La résistance des Français à Diên Biên Phu est donc à replacer dans la réalité d’une lutte vitale que menait alors l’Occident confronté à la grave menace communiste. C’est ce qu’avaient bien compris les nombreux Vietnamiens qui combattaient du côté français, non pas pour se faire complices du colonisateur, mais dans le but de préserver leur liberté qu’ils savaient menacée en cas de victoire du Viet Minh. Rappelons à ce sujet qu’une fois arrivés au pouvoir, les communistes vietnamiens ont éliminé plus d’un million de leurs compatriotes, parmi lesquels de très nombreux paysans qu’ils dépossédèrent de leur petite propriété.
Il faut donc bien comprendre que les Français ne se sont pas stupidement accrochés à une colonie indochinoise qu’ils savaient vouée à l’indépendance.
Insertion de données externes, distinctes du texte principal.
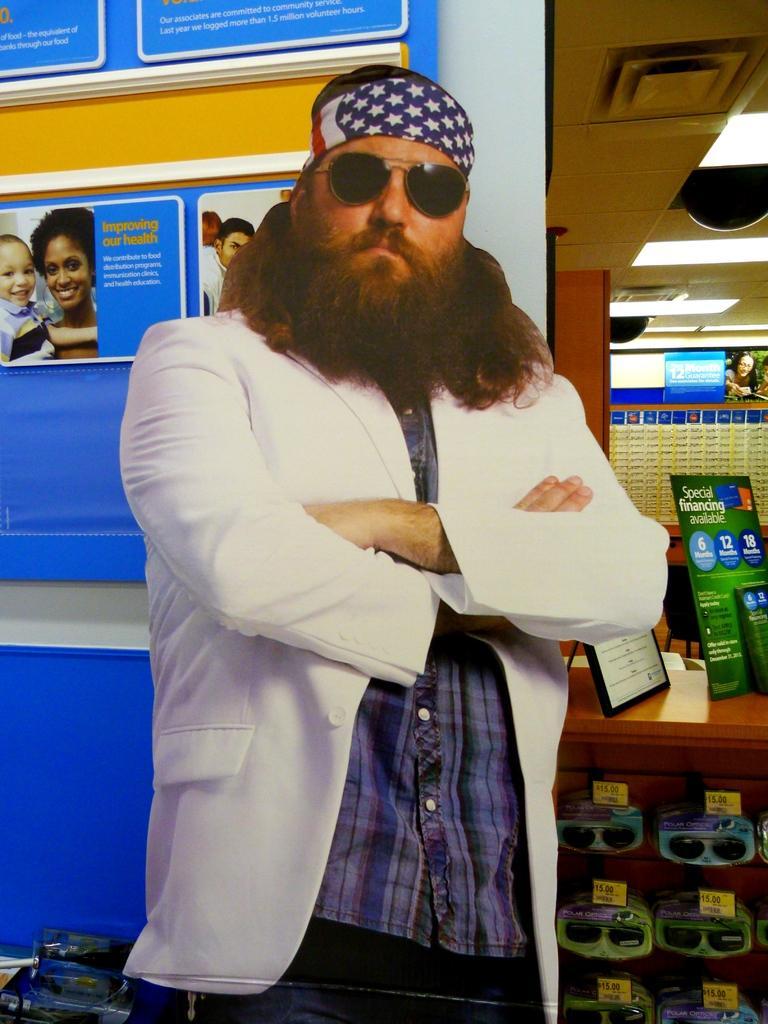In one or two sentences, can you explain what this image depicts? In this image I can see a person wearing white jacket, blue shirt and goggles is standing. In the background I can see the ceiling, few lights to the ceiling, a brown colored table, blue colored boards on the table, few goggles to the table, the white colored wall, few blue colored boards to the wall. 
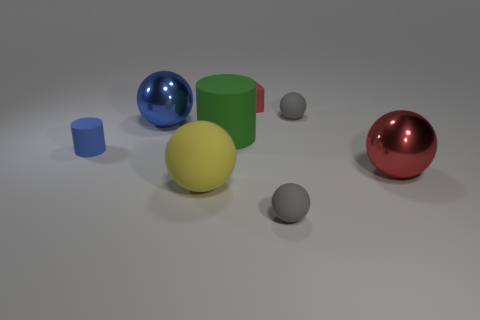How many gray balls must be subtracted to get 1 gray balls? 1 Subtract all matte spheres. How many spheres are left? 2 Add 1 large purple metal cylinders. How many objects exist? 9 Subtract all spheres. How many objects are left? 3 Subtract all red spheres. How many spheres are left? 4 Subtract 0 gray blocks. How many objects are left? 8 Subtract 1 cubes. How many cubes are left? 0 Subtract all red balls. Subtract all cyan cylinders. How many balls are left? 4 Subtract all green blocks. How many gray balls are left? 2 Subtract all tiny blue cylinders. Subtract all blue things. How many objects are left? 5 
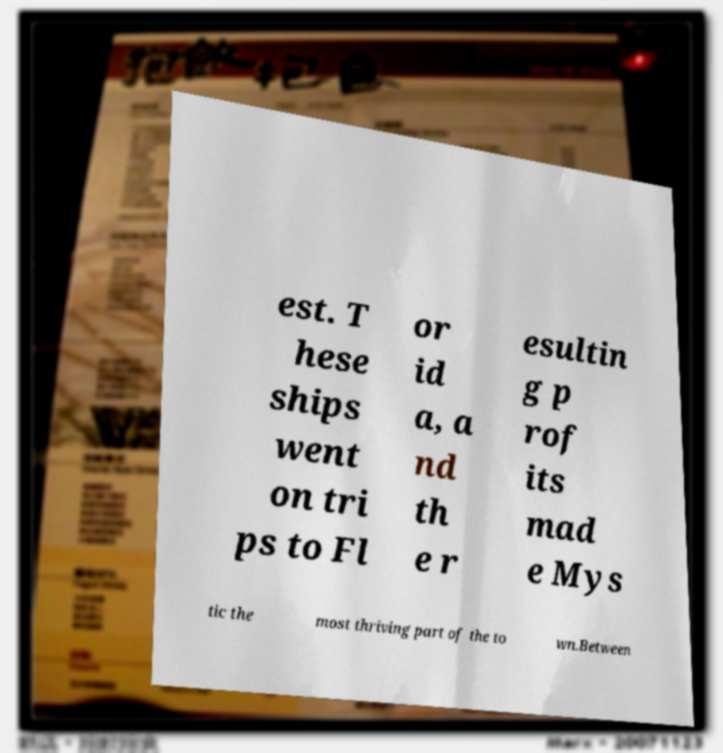Could you extract and type out the text from this image? est. T hese ships went on tri ps to Fl or id a, a nd th e r esultin g p rof its mad e Mys tic the most thriving part of the to wn.Between 
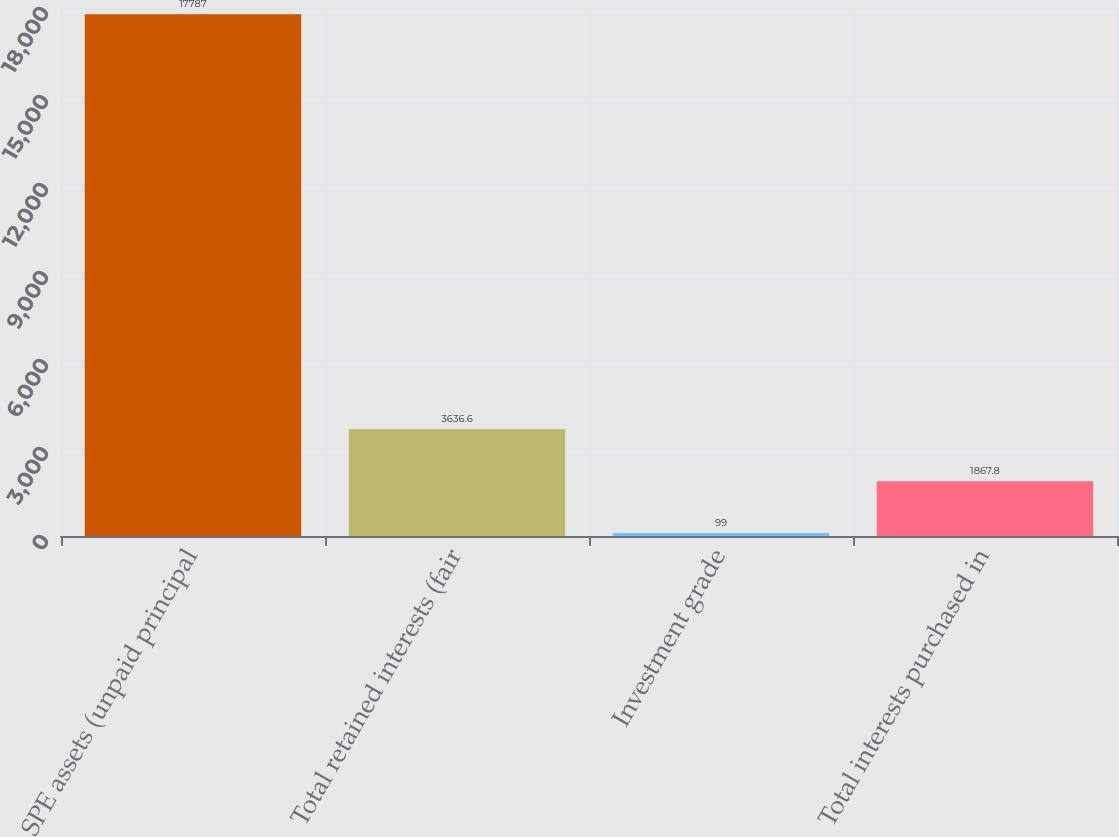Convert chart to OTSL. <chart><loc_0><loc_0><loc_500><loc_500><bar_chart><fcel>SPE assets (unpaid principal<fcel>Total retained interests (fair<fcel>Investment grade<fcel>Total interests purchased in<nl><fcel>17787<fcel>3636.6<fcel>99<fcel>1867.8<nl></chart>

Des tentatives de décolonisation pacifique avaient d’ailleurs été menées, à l’instar des accords Hô-Sainteny, conclus entre Hô Chi Minh et Jean Sainteny, un haut fonctionnaire français, en mars 1946. Ces accords prévoyaient notamment la mise en œuvre d’une large autonomie vietnamienne, la France reconnaissant « la République du Viêt Nam comme un État libre ayant son gouvernement, son Parlement, son armée et ses finances » au sein de l’Union française. Malheureusement, le processus de négociation échoua, entrainant, en novembre 1946, l’amorce d’une guerre de décolonisation de l’Indochine, ce conflit prenant, en 1947, dans le contexte de Guerre froide naissante, une autre signification.
Dans ce nouveau contexte de Guerre froide, le corps expéditionnaire français en Indochine eut à faire face à de nombreuses trahisons. Le PCF envoyait ses experts pour conseiller les communistes vietnamiens, tel un certain Ribéra, un spécialiste de l’artillerie qui aidait le Viet Minh à ajuster très précisément ses tirs sur les positions françaises. La trahison était si répandue que le général Navarre, qui était à l’origine du choix du site de Diên Biên Phu pour affronter le Viet Minh, déclara plus tard à propos des décisions prises par le Commandement militaire en Indochine, qu’ « il y avait un devoir que nous considérions comme absolu : c’était que Paris ne fût pas au courant, car toute opération qui était connue de Paris, était aussitôt connue par le Viet Minh ».
D’autres membres du PCF martyrisèrent les soldats français détenus dans les camps après la capitulation. L’un d’entre eux, surnommé Cassius, était notamment chargé par les communistes vietnamiens de mener à bien les interrogatoires des officiers français capturés. Un autre, Georges Boudarel, dirigeait un camp de prisonniers français. Ces derniers étaient soumis à un lavage de cerveau quotidien dont les méthodes avaient été mises au point par les spécialistes de la psyché du PCF.
Diên Biên Phu était donc bien plus qu’un combat colonial. La bataille entrait dans le cadre plus vaste d’une tentative occidentale visant à contenir la subversion communiste en Asie. Cela, l’histoire officielle partisane, car très influencée par l’esprit du marxisme, ne le dira pas. En ces temps où la démocratie régresse chaque jour plus dramatiquement, prendre conscience des limites d’une histoire qui sert les intérêts idéologiques d’un pouvoir qui a récupéré la boite à outil des marxistes pour transformer la société, s’impose.